Jason ia ganhando cada vez mais experiência no meio da construção. Sabia onde comprar materiais bons e mais baratos. Isso o ajudou a logo erguer sua casa. E deveria ser uma grande obra. Projeto de 340 metros quadrados, com oito quartos, escritório, jardim de inverno, sala de vídeo com lareira, 10 banheiros  e tudo o mais.
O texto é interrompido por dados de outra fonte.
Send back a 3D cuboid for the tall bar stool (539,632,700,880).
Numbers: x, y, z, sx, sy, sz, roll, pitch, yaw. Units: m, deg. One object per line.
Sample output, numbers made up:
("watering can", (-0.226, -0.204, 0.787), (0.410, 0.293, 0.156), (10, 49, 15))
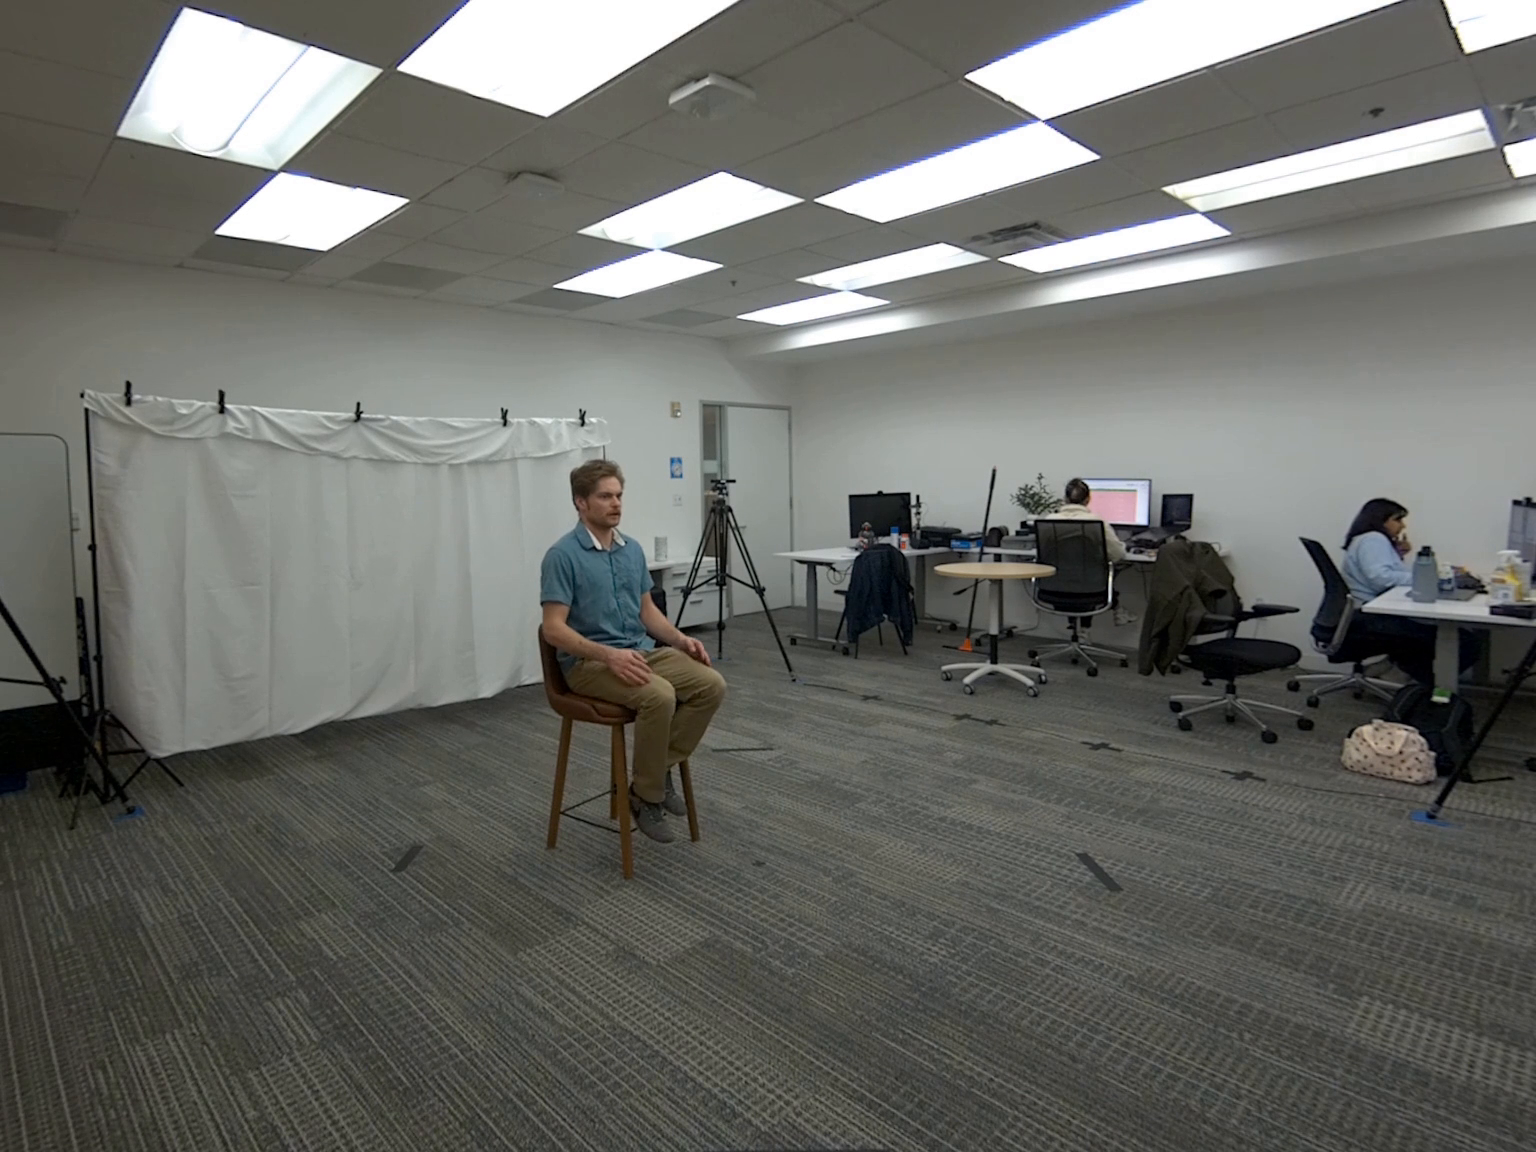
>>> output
("tall bar stool", (-0.580, 0.601, 3.286), (0.480, 0.889, 0.445), (-2, 2, 36))

E ele gostava do que fazia. Uma outra paixão era a política. Acompanhava de perto todos os lances do governo federal, na época ainda sediado no Rio de Janeiro. Era fã do presidente Getúlio Vargas e do então prefeito paulistano, Jânio Quadros. Mais tarde tornar-se-ia eleitor e “discípulo” do gaúcho Leonel Brizola. Razão pela qual se filiou ao PDT em 1980, na pretensão de conseguir legenda para concorrer a uma vaga na Câmara de Vereadores de Diadema, cidade da região do ABC paulista onde havia construído sua “mansão”, que haveria de ser moradia dos filhos e eventuais genros e nora.
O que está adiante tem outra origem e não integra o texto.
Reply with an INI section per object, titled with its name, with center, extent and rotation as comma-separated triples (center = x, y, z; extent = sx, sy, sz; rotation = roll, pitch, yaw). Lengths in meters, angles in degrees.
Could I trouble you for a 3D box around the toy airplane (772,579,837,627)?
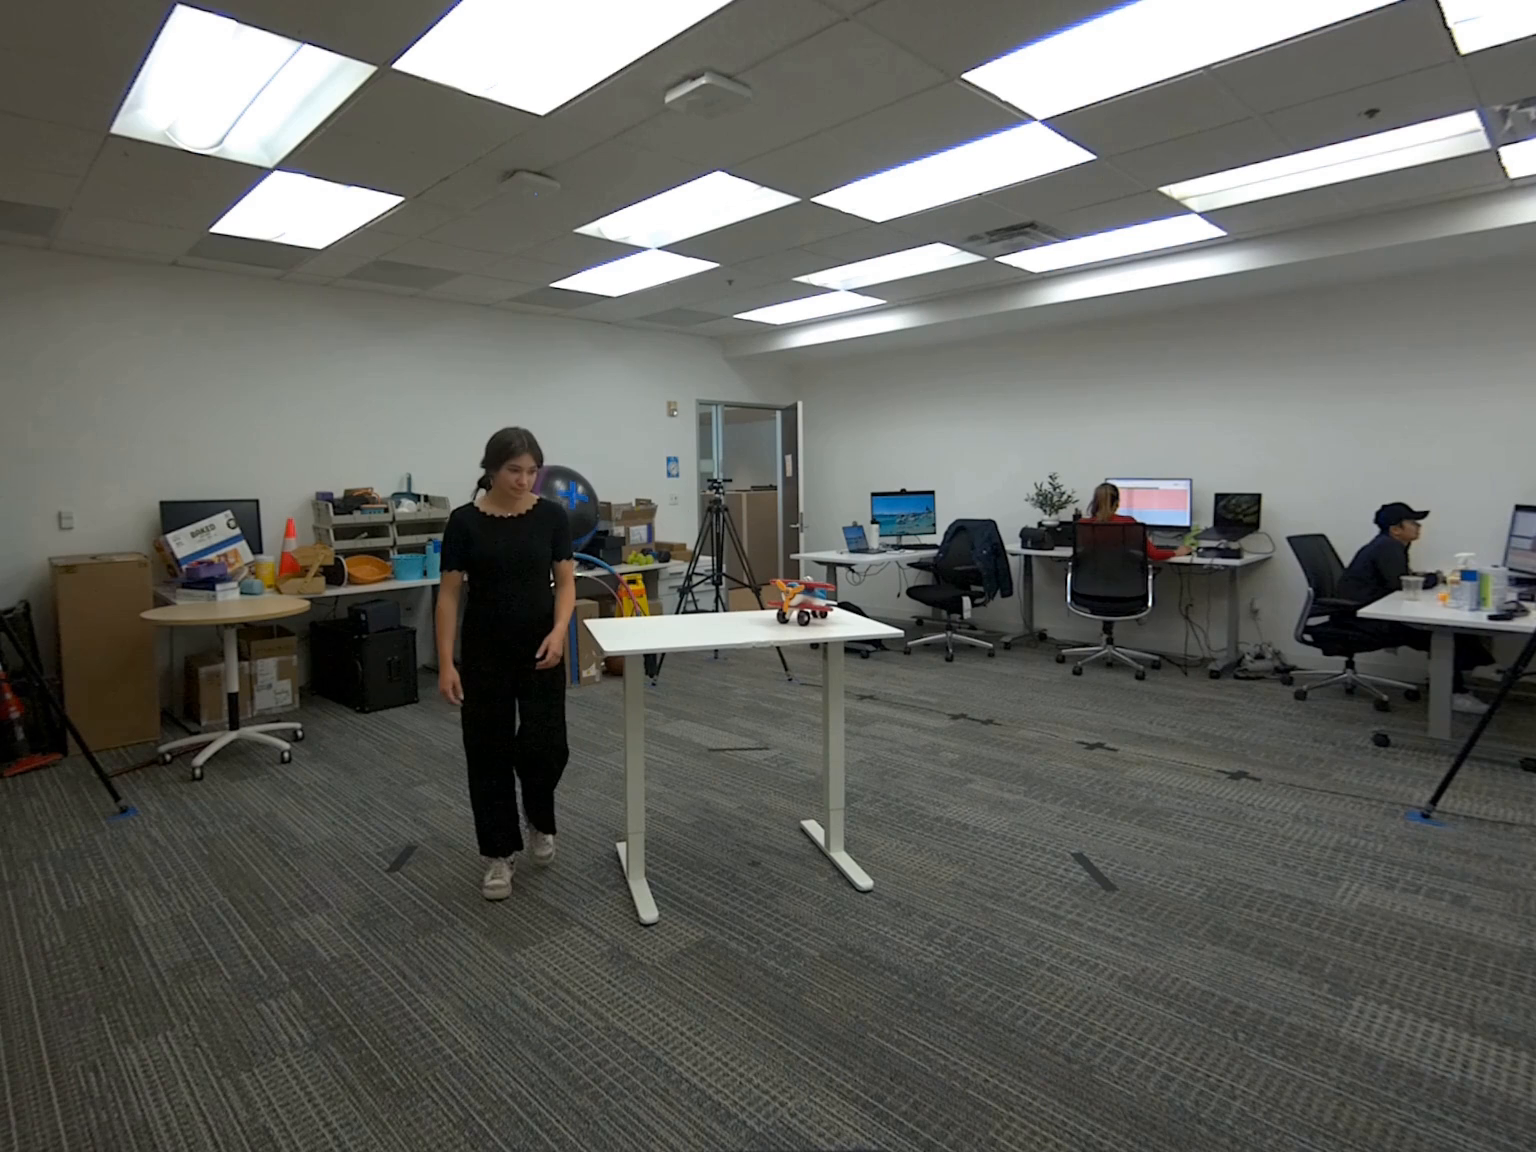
[toy airplane]
center = 0.122, 0.086, 3.088
extent = 0.253, 0.156, 0.258
rotation = 0, 6, 7

Mas o que queria, mesmo,era ingressar no mundo político, na realidade, sonhava com uma aposentadoria de parlamentar. Dois mandatos e garantiria um salário de vereador para o resto da vida!!! Que mais haveria de querer. E, depois, essa vida de operário  se tornara por demais sacrificada, pois já sentia que não tinha o mesmo vigor de 30 anos atrás, quando chegara à cidade grande. Era hora de pensar no futuro, na velhice, de preferência que não dependesse da miséria paga pela Previdência Social... maldito INSS que ele sempre pagara religiosamente em dia, desde que chegara à Sampa. Tinha muitos amigos que se aposentaram e a história era sempre a mesma: um miserável salário mínimo que nem alimento tinha poder de comprar. E se ficasse doente? Pensava, em momentos de desespero... Era homem de fé e deixava por conta do Todo-Poderoso sua proteção. Deus não deixaria nada acontecer a ele, pelo menos enquanto não se elegesse vereador e conseguisse sua tão sonhada aposentadoria parlamentar.
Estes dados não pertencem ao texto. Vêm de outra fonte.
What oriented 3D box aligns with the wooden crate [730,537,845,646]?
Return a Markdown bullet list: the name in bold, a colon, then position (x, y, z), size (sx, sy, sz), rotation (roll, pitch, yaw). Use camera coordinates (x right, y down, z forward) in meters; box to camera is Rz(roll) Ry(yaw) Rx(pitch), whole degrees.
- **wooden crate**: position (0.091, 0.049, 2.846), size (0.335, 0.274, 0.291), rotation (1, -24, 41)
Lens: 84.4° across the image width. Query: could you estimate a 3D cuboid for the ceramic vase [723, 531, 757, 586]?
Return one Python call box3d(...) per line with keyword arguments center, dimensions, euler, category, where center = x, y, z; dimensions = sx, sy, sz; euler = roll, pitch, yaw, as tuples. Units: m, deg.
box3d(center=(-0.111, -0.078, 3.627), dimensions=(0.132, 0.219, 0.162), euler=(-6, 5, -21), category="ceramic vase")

Jason resolveu investir na sua carreira política. Por indicação do diretório municipal do PDT se matriculou no curso de Oswaldo Melantonio, um conceituado professor de oratória. Logo Jason já estava treinando sua verve  em todos os lugares, não perdia uma oportunidade - como jantares de Natal - para fazer discursos gesticulados para os presentes. Nas obras, gostava de falar em cima de andaimes, coordenando e incentivando sua equipe, sempre gesticulando muito e cativando a todos.
Aprendera a articular e conchavar nos bastidores do diretório. Foi ganhando prestígio ao fazer inflamados discursos, invariavelmente com citações de seu grande conterrâneo Machado de Assis, a “Águia de Haia”, como fazia questão de frisar.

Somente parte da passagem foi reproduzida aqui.